A welfare system along European lines is slowly emerging. In 2003 the social-security system, providing cover against sickness and work accidents as well as pensions, was extended from state employees to private-sector workers. A national unemployment-insurance scheme is due to start up next year. A 2006 study by the Vietnamese Academy of Social Sciences concluded that the country could now afford a universal old-age pension.
Over the past decade or so of rapid growth, the country's Gini coefficient, a measure of inequality, has hardly budged. But then the coefficient is an attempt to sum up all income differences in a single number. In Vietnam it may be the rapid expansion of the middle class that has kept the index steady, despite the creation of so many limousine-buying millionaires.
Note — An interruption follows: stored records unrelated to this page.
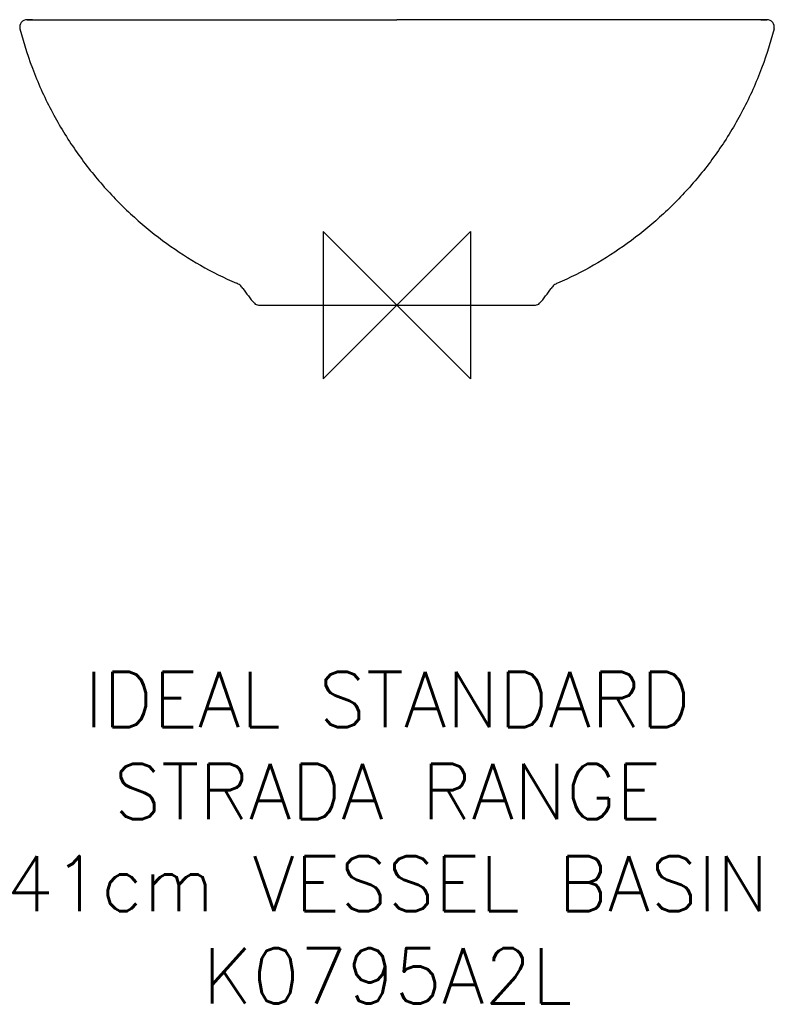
# Model space of a CAD drawing. Header units: millimetres. Extents: x -205 to 205, y -380 to 155.
import ezdxf

# ---------------------------------------------------------------- set-up
doc = ezdxf.new("R2010")
doc.units = ezdxf.units.MM
doc.header["$LTSCALE"] = 32.67
for name, color, linetype in [('DETAIL', 2, 'CONTINUOUS'), ('ORIGIN', 6, 'CONTINUOUS'), ('Text', 7, 'CONTINUOUS')]:
    doc.layers.add(name, color=color, linetype=linetype)
doc.styles.add('Fastrack', font='simplex.shx')

# ---------------------------------------------------------------- blocks, each defined once
blk = doc.blocks.new('ORIGIN')
at = {"layer": 'ORIGIN'}
blk.add_lwpolyline([(-20, 20), (-20, -20), (20, 20), (20, -20)], close=True, dxfattribs=at)

msp = doc.modelspace()

# ---------------------------------------------------------------- linework, layer by layer
at = {"layer": 'DETAIL'}
for p, q in [((-200.82, 155.02), (-197.7, 155.02)), ((-197.79, 155.02), (-200.82, 155.02)), ((-197.79, 155.02), (0, 155.02)), ((197.7, 155.02), (0, 155.02)), ((197.48, 155.02), (197.74, 155.02)), ((200.82, 155.02), (197.7, 155.02)), ((197.74, 155.02), (200.82, 155.02)), ((-75.17, 0), (75.17, 0))]:
    msp.add_line(p, q, dxfattribs=at)
for centre, radius, start, end in [((-200.82, 151.02), 4, 90, 194.4199), ((200.82, 151.02), 4, 345.5801, 90), ((-16.92, 54.76), 80.92, 214.3517, 221.6257), ((16.92, 54.76), 80.92, 318.3743, 325.6483), ((-75.17, 3), 3, 221.6468, 270), ((75.17, 3), 3, 270, 318.3532)]:
    msp.add_arc(centre, radius, start, end, dxfattribs=at)
for points, start_tangent, end_tangent in [([(-204.69, 150.02), (-196.81, 125.72), (-186.33, 103.24), (-173.58, 82.68), (-158.88, 64.13), (-142.56, 47.69), (-124.96, 33.45), (-87.18, 11.94)], (0.249026, -0.968497), (0.918909, -0.39447)), ([(204.69, 150.02), (196.81, 125.72), (186.33, 103.24), (173.58, 82.68), (158.88, 64.13), (142.56, 47.69), (124.96, 33.45), (87.18, 11.94)], (-0.249026, -0.968497), (-0.918909, -0.39447)), ([(-83.73, 9.1), (-85.21, 10.82), (-87.18, 11.94)], (-0.564208, 0.825632), (-0.918909, 0.394471)), ([(87.18, 11.94), (85.21, 10.82), (83.73, 9.1)], (-0.918909, -0.394471), (-0.564209, -0.825632))]:
    msp.add_spline(points, degree=3, dxfattribs=dict(at, start_tangent=start_tangent, end_tangent=end_tangent))

# ---------------------------------------------------------------- block references
at = {"layer": 'ORIGIN', "xscale": -2, "yscale": 2, "zscale": 2}
msp.add_blockref('ORIGIN', (-0.1, 0), dxfattribs=at)

# ---------------------------------------------------------------- texts
at = {"layer": 'Text', "insert": (-5.22, -199.2), "char_height": 30, "width": 2237.2895, "attachment_point": 2, "style": 'Fastrack'}
msp.add_mtext('IDEAL STANDARD\\PSTRADA RANGE\\P41cm VESSEL BASIN\\PK0795A2L', dxfattribs=at)

doc.saveas('drawing.dxf')

What the government may need to start worrying about in the coming years is not the average but the two extreme ends of the income scale.
In recent months rising world commodity prices and Vietnam's economic boom have sent prices soaring: in the year to February, food prices rose by over 30% and housing and construction costs by more than 20%. Low-income workers who have moved from the country to the city no longer grow rice but still want to eat it. If they are tenants, they are facing steep rent rises and the possibility of eviction, whereas property owners stand a fair chance of compensation when their home is demolished for redevelopment. Rising prices and a growing shortage of affordable housing may be helping to create a new low-paid urban underclass.
A small but visible underclass; an ever more ostentatious millionaire set; and a concerned middle class in-between. Could this one day cause social unrest in placid Vietnam? Richer countries have found that the extreme ends of the income spectrum can cause disquiet even when, overall, everyone is pretty well off and getting more so. Despite its attempts to create social safety-nets, Vietnam's government may increasingly have to contend with this particular problem of success.